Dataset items
<<<<

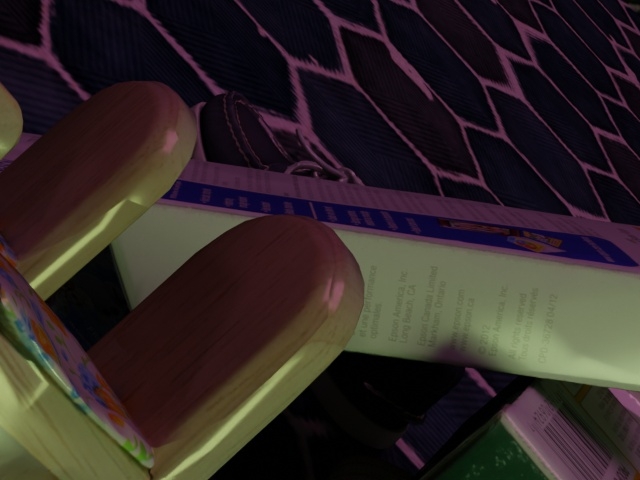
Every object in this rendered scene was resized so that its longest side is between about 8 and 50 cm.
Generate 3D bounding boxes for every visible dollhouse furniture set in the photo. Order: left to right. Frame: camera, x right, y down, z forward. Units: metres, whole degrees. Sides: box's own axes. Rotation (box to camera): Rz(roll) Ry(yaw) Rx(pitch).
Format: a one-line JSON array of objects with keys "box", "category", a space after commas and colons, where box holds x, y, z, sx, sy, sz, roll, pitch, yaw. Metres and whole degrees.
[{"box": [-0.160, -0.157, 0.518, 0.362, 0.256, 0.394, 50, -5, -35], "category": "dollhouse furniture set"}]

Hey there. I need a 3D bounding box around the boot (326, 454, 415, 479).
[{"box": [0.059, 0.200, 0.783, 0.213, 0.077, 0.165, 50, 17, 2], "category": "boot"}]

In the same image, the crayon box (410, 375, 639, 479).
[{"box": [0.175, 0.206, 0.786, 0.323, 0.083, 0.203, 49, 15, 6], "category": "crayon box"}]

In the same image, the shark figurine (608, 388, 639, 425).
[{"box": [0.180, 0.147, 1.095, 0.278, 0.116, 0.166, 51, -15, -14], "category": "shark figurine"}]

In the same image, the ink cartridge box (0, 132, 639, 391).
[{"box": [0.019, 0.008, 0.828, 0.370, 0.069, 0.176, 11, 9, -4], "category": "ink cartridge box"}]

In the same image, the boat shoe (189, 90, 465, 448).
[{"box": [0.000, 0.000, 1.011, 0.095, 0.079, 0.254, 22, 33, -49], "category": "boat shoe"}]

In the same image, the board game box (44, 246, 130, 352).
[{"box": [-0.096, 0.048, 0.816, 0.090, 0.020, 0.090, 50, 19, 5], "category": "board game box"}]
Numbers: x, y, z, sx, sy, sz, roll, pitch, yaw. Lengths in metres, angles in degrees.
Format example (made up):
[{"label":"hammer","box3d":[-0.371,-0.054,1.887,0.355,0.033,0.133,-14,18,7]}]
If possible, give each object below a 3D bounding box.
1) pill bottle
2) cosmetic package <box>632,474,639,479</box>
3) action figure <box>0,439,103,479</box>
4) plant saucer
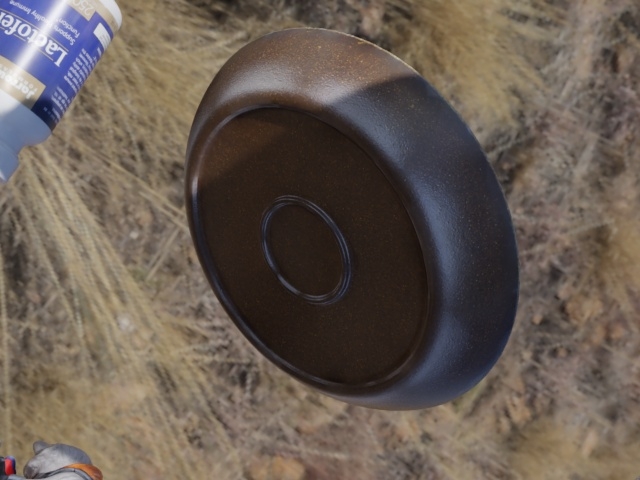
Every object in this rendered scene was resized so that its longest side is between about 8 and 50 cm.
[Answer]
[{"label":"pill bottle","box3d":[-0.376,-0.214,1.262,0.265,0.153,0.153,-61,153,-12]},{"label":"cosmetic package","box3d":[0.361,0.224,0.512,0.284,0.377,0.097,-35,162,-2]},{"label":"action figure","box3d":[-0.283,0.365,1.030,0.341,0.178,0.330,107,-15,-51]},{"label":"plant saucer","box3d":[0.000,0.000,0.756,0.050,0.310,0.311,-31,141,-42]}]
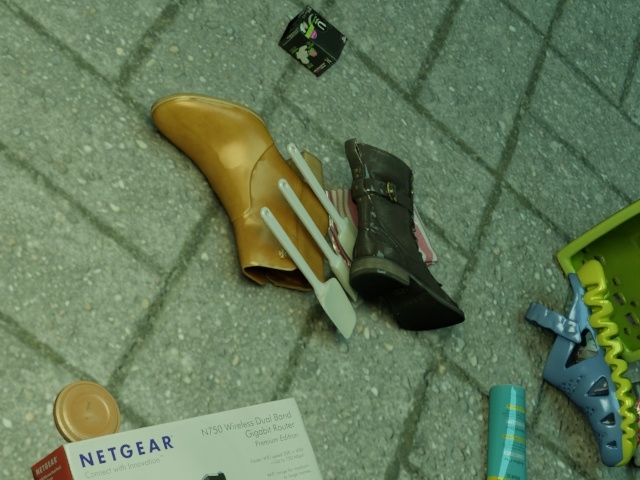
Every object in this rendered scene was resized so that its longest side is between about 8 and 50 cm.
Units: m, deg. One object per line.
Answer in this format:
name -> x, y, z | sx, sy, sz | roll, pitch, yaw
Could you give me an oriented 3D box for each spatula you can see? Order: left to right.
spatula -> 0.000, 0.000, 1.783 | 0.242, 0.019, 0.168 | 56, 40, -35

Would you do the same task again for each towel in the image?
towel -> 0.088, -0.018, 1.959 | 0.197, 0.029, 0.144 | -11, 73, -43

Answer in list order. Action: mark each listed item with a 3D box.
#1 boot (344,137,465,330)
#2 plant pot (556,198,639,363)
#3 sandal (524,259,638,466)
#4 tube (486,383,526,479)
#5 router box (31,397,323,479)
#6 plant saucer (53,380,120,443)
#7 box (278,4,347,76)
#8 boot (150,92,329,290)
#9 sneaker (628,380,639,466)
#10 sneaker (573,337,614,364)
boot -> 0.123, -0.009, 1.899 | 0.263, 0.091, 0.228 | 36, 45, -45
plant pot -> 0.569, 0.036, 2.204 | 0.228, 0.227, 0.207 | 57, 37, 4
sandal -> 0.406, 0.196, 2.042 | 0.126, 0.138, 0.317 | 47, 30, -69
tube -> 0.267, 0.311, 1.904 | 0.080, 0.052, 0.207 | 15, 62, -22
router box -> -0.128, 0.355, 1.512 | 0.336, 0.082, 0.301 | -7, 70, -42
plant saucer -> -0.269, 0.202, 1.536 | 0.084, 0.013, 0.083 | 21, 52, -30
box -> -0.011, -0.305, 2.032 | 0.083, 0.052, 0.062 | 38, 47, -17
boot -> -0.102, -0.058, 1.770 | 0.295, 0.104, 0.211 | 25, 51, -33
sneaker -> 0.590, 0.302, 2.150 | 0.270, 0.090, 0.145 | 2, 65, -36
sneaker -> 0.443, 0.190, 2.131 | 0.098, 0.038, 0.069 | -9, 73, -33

>>>>

Please output exactly the lines of the data above, from its first line through the line with "Generate 3D bounding", and nothing else; drop the pictures.

__ANSWER SECTION__.
Every object in this rendered scene was resized so that its longest side is between about 8 and 50 cm.
Generate 3D bounding boxes for every visible dollhouse furniture set in the photo. Order: left to right. Frame: camera, x right, y down, z forward. Units: metres, whole degrees. Sides: box's own axes. Rotation (box to camera): Rz(roll) Ry(yaw) Rx(pitch).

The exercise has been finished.